On the ground below, Caffery watched the helicopter disappear across the rooftops, until its light was scarcely bigger than a satellite.
‘You know what it means, don’t you?’
‘No,’ Souness admitted. ‘No, I don’t.
It was late. The TSG had zoned off the area where the air observer had imagined a heat source, got down on their hands and knees and covered every square inch of it. Still no Rory Peach. Eventually they’d given up, and Caffery and Souness had finalized arrangements for a specialized search team to come in the next day: a Police Search Advisory team would start at first light in Brockwell Park.
There was still an emergency team briefing to get through and search parameters to establish before the night was out and so, at 11 p.m., they drove back to AMIT headquarters in Thornton Heath. Caffery parked the car and swung the keys into his pocket. ‘If he’s in the park and they can’t see him then he’s not much of a heat source and he’s not moving.’ In spite of what it meant professionally, part of him secretly hoped, for the boy’s sake, that he was already dead. There are some things, he believed, not worth surviving. ‘Maybe we’re too late already.’
‘Unless,’ Souness climbed wearily from the car and together they crossed the road, ‘unless he’s not in the park.’
‘Oh, he’s in the park. I promise you he’s in the park.’ Caffery swiped his pass card and held the door for Souness. ‘It’s just a question of where.’
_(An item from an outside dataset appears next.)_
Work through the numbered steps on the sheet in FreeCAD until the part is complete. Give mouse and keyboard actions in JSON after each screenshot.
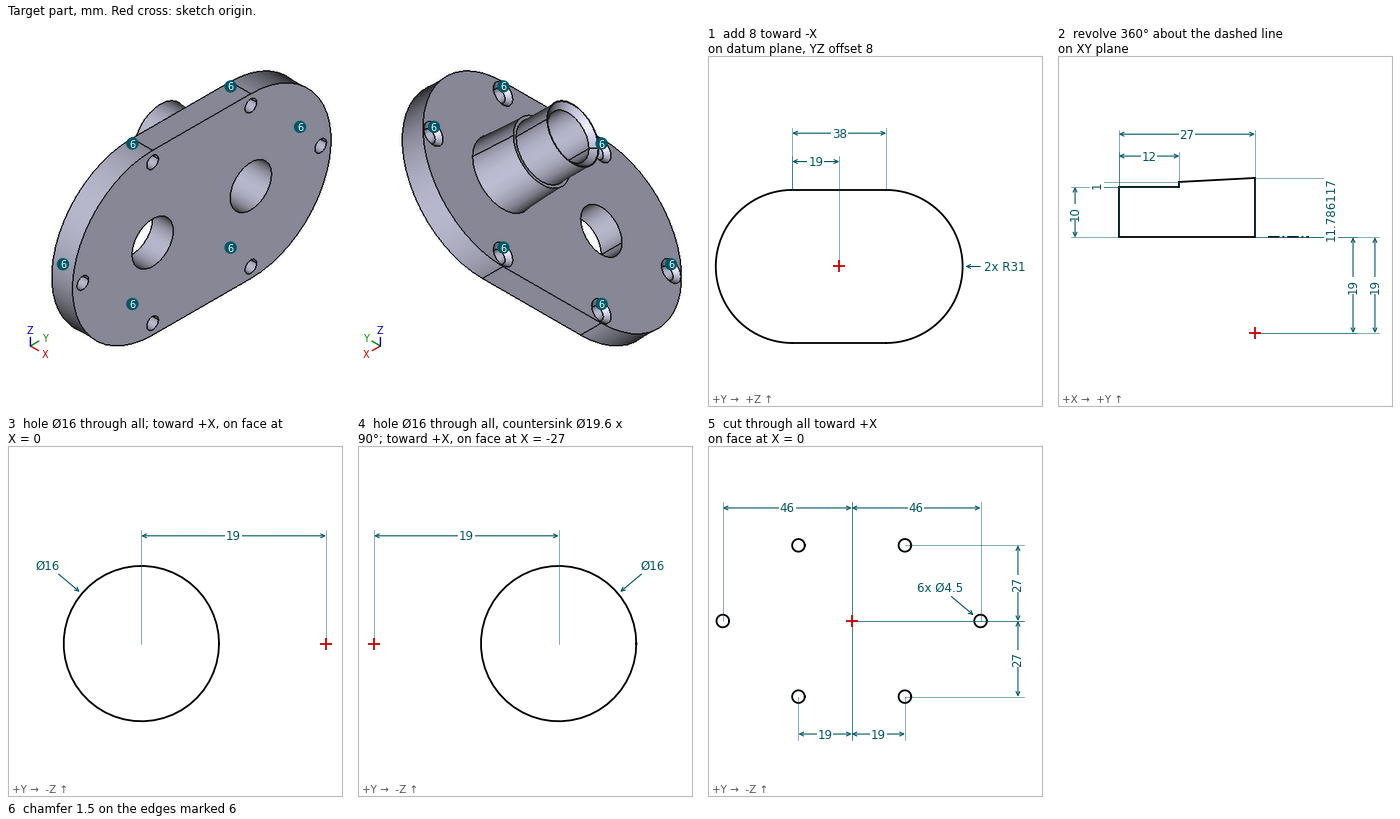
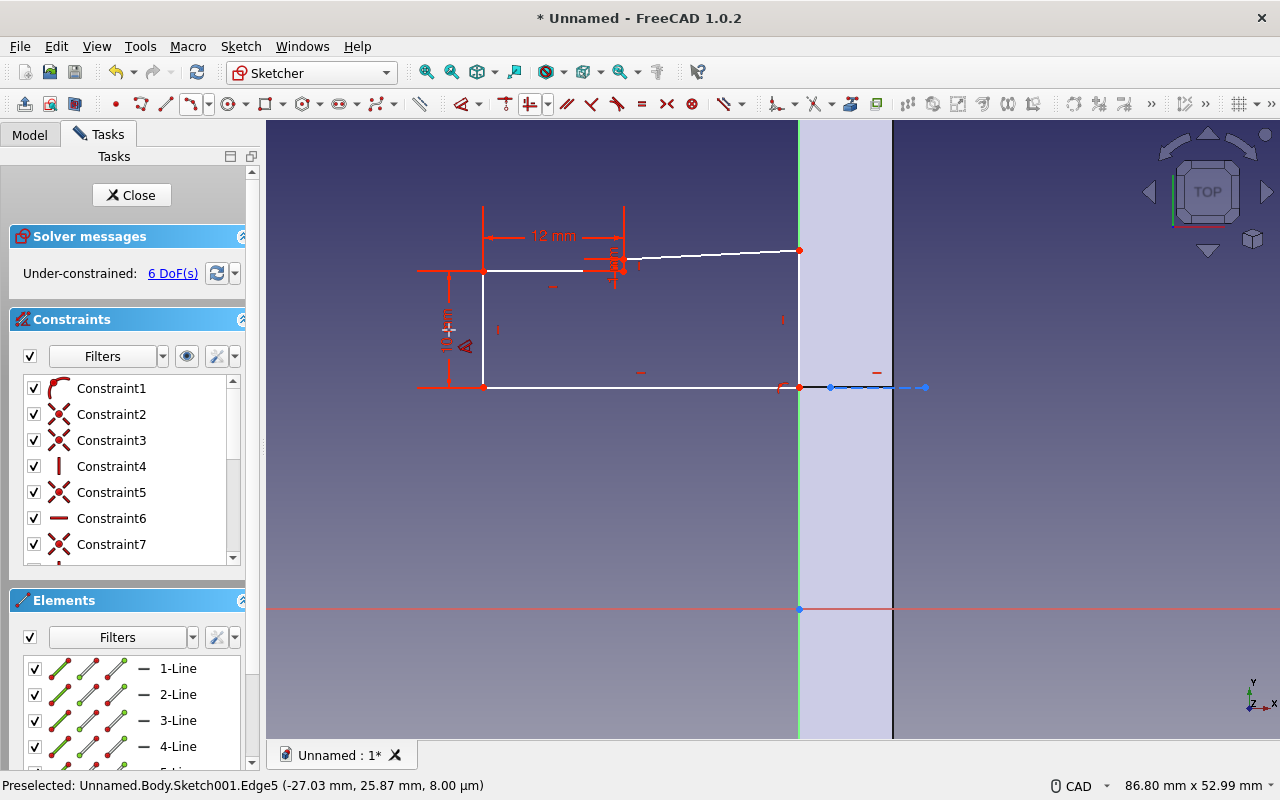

‘Shrivemoor’ was how most officers referred to this old red-brick building, after the unexciting residential street in which it stood. AMIT’s offices were housed on the second floor. Tonight lights were on in all the windows. Most of the team had arrived, called away from dinner parties, pubs, babysitting duty. The HOLMES database operators, the five members of the intelligence cell, seven investigating officers, they were all here, wandering between the desks, drinking coffee, murmuring to each other. In the kitchen three embarrassed-looking paramedics in white-hooded forensic suits – nonce suits, the team called them – waited while the exhibits officer photocopied their boot soles and used low-tack tape to lift hairs and fibres from their clothing.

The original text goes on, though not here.